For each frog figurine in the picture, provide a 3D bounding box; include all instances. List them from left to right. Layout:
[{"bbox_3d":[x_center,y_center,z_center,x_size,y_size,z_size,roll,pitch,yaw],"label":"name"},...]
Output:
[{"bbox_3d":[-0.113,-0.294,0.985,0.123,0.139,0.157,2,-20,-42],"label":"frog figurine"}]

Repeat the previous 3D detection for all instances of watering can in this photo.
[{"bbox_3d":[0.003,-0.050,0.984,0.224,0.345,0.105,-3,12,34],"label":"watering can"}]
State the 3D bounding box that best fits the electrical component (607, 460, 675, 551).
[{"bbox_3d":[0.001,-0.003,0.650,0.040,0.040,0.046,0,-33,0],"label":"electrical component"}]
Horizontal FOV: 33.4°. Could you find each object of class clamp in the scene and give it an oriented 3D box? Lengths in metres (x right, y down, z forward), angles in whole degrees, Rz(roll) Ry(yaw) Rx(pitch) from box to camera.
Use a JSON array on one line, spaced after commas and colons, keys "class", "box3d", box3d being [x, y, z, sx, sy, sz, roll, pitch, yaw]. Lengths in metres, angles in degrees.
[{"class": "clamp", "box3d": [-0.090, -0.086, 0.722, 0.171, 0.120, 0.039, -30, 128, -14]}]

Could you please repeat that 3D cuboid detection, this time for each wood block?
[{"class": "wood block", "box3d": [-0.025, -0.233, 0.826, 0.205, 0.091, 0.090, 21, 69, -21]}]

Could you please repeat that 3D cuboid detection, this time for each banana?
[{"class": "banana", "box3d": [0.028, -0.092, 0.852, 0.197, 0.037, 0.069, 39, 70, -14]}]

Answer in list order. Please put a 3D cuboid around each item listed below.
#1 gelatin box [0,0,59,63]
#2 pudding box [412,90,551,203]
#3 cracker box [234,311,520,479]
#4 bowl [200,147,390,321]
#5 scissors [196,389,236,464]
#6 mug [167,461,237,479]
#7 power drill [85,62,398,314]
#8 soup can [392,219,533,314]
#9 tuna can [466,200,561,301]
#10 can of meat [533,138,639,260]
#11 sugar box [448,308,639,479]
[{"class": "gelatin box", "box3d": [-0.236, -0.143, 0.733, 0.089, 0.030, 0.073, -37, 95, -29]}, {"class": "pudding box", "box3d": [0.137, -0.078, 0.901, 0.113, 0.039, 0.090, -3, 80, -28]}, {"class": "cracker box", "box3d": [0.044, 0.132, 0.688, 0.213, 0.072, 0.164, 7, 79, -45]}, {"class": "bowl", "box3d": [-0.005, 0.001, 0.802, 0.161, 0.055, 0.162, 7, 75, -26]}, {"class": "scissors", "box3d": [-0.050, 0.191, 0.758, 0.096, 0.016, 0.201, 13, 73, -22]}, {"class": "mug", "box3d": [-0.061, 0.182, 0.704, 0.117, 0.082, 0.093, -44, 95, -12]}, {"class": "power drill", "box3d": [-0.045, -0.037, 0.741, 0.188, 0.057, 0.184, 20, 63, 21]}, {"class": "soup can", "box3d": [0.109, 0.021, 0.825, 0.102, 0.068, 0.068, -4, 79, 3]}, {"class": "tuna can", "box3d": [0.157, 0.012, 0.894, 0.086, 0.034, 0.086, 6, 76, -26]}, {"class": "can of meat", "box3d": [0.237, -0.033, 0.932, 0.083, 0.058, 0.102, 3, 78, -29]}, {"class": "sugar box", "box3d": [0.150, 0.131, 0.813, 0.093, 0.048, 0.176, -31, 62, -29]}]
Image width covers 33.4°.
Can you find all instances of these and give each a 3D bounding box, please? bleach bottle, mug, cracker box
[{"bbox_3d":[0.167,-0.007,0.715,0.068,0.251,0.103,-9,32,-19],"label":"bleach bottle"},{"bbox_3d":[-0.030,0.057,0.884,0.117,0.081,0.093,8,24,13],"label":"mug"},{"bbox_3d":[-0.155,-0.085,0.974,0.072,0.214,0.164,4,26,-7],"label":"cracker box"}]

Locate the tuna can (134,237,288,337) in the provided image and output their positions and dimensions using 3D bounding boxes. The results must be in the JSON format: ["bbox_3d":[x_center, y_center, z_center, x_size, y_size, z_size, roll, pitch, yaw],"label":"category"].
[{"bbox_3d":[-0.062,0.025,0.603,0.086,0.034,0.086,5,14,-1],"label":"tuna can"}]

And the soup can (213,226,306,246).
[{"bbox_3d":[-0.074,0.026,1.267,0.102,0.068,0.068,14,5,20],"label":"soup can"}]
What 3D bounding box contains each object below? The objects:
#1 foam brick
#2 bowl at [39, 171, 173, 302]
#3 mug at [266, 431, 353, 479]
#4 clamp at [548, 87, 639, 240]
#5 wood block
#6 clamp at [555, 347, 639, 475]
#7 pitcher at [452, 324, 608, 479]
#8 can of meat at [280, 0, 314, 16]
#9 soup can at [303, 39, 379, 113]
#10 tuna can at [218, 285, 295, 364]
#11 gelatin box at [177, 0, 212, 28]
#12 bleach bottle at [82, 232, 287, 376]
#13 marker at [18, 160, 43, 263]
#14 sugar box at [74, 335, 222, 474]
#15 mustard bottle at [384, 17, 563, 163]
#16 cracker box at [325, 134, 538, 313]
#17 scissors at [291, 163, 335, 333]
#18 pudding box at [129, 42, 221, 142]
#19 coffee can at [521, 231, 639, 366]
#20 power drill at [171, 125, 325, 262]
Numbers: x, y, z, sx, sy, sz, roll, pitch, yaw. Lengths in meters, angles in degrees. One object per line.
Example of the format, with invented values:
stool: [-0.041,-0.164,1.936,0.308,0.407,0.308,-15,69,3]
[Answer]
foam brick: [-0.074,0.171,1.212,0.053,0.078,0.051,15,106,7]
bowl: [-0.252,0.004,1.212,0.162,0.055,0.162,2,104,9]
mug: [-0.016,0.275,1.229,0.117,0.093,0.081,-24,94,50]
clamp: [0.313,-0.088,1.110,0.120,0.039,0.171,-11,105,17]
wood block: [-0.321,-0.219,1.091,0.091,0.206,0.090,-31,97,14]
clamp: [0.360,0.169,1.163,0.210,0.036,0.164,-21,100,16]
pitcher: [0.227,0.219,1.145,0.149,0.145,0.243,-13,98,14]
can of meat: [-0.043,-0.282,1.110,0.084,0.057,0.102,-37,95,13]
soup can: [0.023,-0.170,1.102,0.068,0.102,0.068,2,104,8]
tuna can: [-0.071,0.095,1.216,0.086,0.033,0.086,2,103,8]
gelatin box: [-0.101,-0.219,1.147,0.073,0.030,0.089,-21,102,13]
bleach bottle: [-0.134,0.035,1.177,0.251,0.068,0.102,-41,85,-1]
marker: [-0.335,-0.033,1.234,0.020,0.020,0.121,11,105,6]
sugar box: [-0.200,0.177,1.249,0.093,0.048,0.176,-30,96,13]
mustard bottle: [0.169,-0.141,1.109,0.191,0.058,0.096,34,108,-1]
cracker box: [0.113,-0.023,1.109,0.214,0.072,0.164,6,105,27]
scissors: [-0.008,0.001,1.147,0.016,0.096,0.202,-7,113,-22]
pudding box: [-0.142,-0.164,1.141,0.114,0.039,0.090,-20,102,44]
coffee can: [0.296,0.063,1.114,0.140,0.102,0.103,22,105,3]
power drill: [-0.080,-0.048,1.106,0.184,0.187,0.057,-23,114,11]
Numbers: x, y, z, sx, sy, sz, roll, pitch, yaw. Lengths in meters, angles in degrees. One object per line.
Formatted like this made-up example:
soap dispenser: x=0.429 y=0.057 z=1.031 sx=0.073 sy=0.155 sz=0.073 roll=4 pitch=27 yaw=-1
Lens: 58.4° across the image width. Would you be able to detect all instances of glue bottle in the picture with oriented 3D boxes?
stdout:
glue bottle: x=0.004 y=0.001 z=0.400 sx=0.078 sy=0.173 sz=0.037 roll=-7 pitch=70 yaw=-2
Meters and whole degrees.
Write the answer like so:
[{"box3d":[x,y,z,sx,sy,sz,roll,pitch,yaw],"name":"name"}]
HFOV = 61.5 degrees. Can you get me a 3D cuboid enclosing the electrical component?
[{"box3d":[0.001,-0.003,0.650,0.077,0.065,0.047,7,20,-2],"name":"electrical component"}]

- - -

> What is needed
Please write out, exactly as they appear above, only the lines in the stretch from the line with "#14 sugar box at [74, 335, 222, 474]" through the line with "stool: [-0.041,-0.164,1.936,0.308,0.407,0.308,-15,69,3]".

> Written answer
#14 sugar box at [74, 335, 222, 474]
#15 mustard bottle at [384, 17, 563, 163]
#16 cracker box at [325, 134, 538, 313]
#17 scissors at [291, 163, 335, 333]
#18 pudding box at [129, 42, 221, 142]
#19 coffee can at [521, 231, 639, 366]
#20 power drill at [171, 125, 325, 262]
Numbers: x, y, z, sx, sy, sz, roll, pitch, yaw. Lengths in meters, angles in degrees. One object per line.
Example of the format, with invented values:
stool: [-0.041,-0.164,1.936,0.308,0.407,0.308,-15,69,3]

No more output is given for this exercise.